III. LA NÉCESSITÉ D'ALLER PLUS LOIN
A. LES SOLUTIONS INSTITUTIONNELLES QUI ONT PU ÊTRE AVANCÉES CORRESPONDENT À DES SUJETS DE LONG TERME ET NE RÈGLENT PAS LE FOND DU PROBLÈME
1. Le projet de « fonds monétaire européen »
Certains hommes politiques et économistes 26 ( * ) ont pu envisager la mise en place d'un « fonds monétaire européen ».
Dans un article publié dans The Economist le 18 février 2010, les économistes Daniel Gros 27 ( * ) et Thomas Mayer 28 ( * ) préconisent la mise en place d'un tel fonds, indépendant du pouvoir politique - comme le FMI - et dont l'une des fonctions serait de permettre, le cas échéant, « une faillite souveraine ordonnée » (ce que ne permet pas le FMI). Avec une contribution des Etats de 1 % de leur excédent de dette et de déficit publics par rapport au seuil fixé par le traité de Maastricht, un tel fonds aurait accumulé au cours des dix dernières années environ 120 milliards d'euros, soit 1 % du PIB de l'UE.
La mise en place d'un tel fonds a été soutenue notamment par MM. Olli Rehn, commissaire aux affaires économiques et monétaires, Giorgio Napolitano, président de la République italienne, Giulio Tremonti, ministre des finances italien, Wolfgang Schäuble, ministre des finances allemand, et Guy Verhofstadt, président du groupe de l'Alliance des démocrates et des libéraux au Parlement européen et ancien premier ministre belge 29 ( * ) .
2. Le projet d' « agence européenne de la dette »
La mise en place d'une « agence européenne de la dette » (AED) suscite davantage d'interrogations.
Cette proposition a été faite M. Yves Leterme, Premier ministre belge démissionnaire. Selon une tribune 30 ( * ) publiée dans le journal Le Monde , « l'AED serait une institution de l'UE chargée d'émettre et de gérer la dette gouvernementale de la zone euro, sous l'autorité des ministres des finances de l'Eurogroupe et de la Banque centrale européenne (BCE). (...) Les nouvelles émissions bénéficieraient d'un taux d'intérêt uniforme. A mesure que l'ancienne dette évoluera et sera remplacée par de nouveaux titres, la dette du Gouvernement de la zone euro prendrait la forme d'une dette unifiée, ce qui sous-entend que chaque Etat membre garantirait de manière implicite la dette de tous les autres ». Comme l'AED ne prêterait et n'emprunterait qu'à hauteur du déficit approuvé par le Conseil, les Etats seraient réellement incités à se conformer à leurs programmes de stabilité 31 ( * ) .

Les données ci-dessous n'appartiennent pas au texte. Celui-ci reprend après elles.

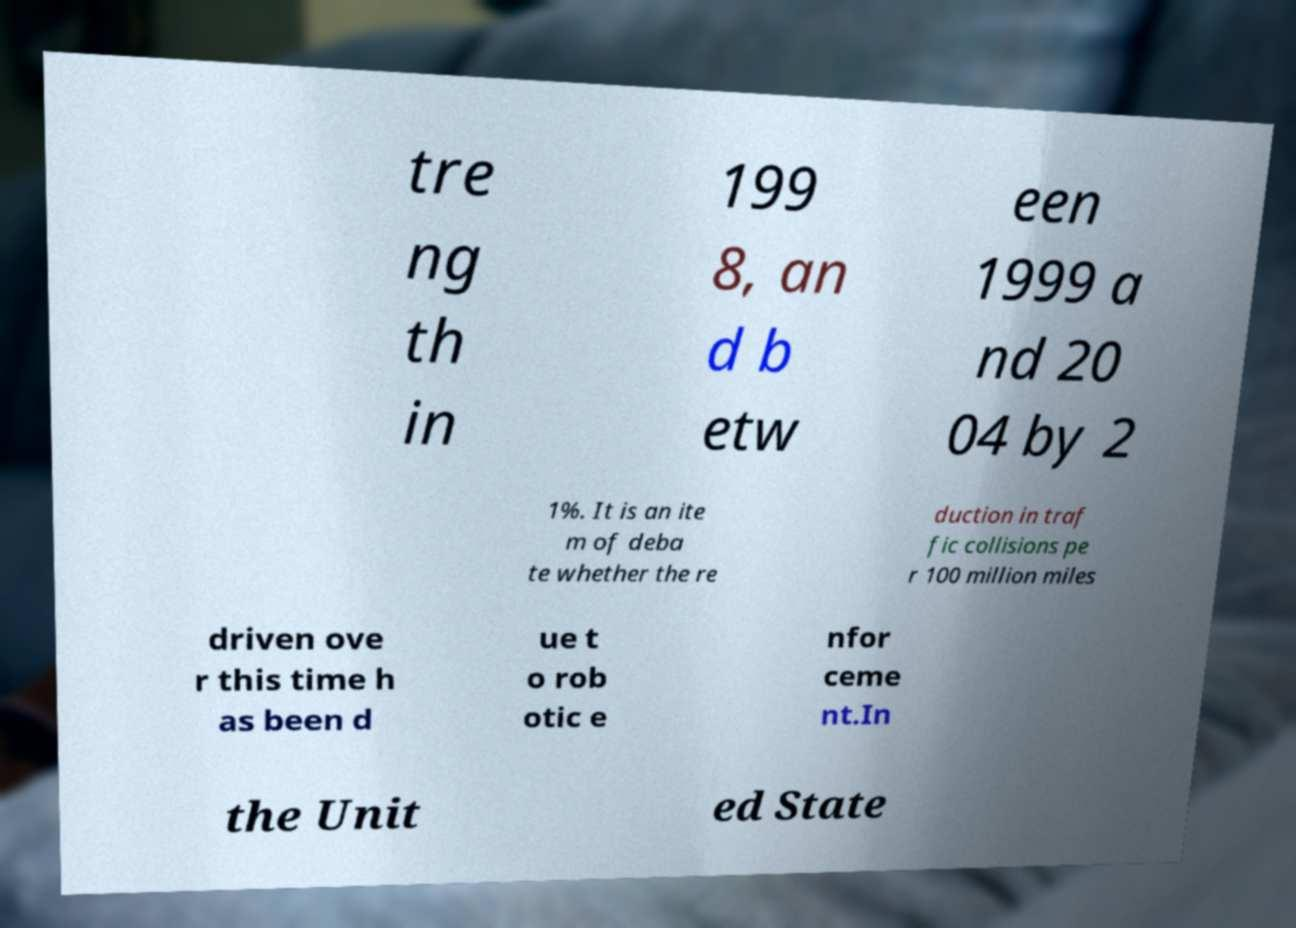For documentation purposes, I need the text within this image transcribed. Could you provide that? tre ng th in 199 8, an d b etw een 1999 a nd 20 04 by 2 1%. It is an ite m of deba te whether the re duction in traf fic collisions pe r 100 million miles driven ove r this time h as been d ue t o rob otic e nfor ceme nt.In the Unit ed State

Par ailleurs, selon M. Leterme, les taux d'intérêt de la zone euro s'en trouveraient réduits, y compris pour les « grands » Etats membres. On peut cependant douter de ce dernier point, en particulier si l'AED était compétente pour l'émission de l'ensemble de la dette publique 32 ( * ) .
* 26 Stéphane Cossé (ancien senior economist au Fonds monétaire international et maître de conférences à l'IEP de Paris), « Créons un Fonds monétaire européen ! », Le Monde, 11 février 2010.
* 27 Centre for European Policy Studies.
* 28 Deutsche Bank.
* 29 Cf. notamment Le Monde, 8 février 2010.
* 30 Yves Leterme, « Pour une agence européenne de la dette », « Le Monde », mars 2010.
* 31 « Si le pays en question devait ne pas respecter son engagement envers le pacte, il devrait assumer la lourde tâche de se tourner lui-même vers le marché financier, où l'attendraient des taux d'intérêt plus élevés du fait de son profil à risque plus élevé découlant de son non-respect du pacte. Cela donnerait lieu à une réelle pénalité pour non-respect du pacte ».
* 32 Les investisseurs institutionnels sont généralement soumis à des règles de diversification en matière d'obligation. Ainsi, selon l'Agence France Trésor, la suppression de la scission de la dette publique française entre dette de l'Etat et dette des organismes de sécurité sociale pourrait conduire à des taux d'intérêt plus élevés.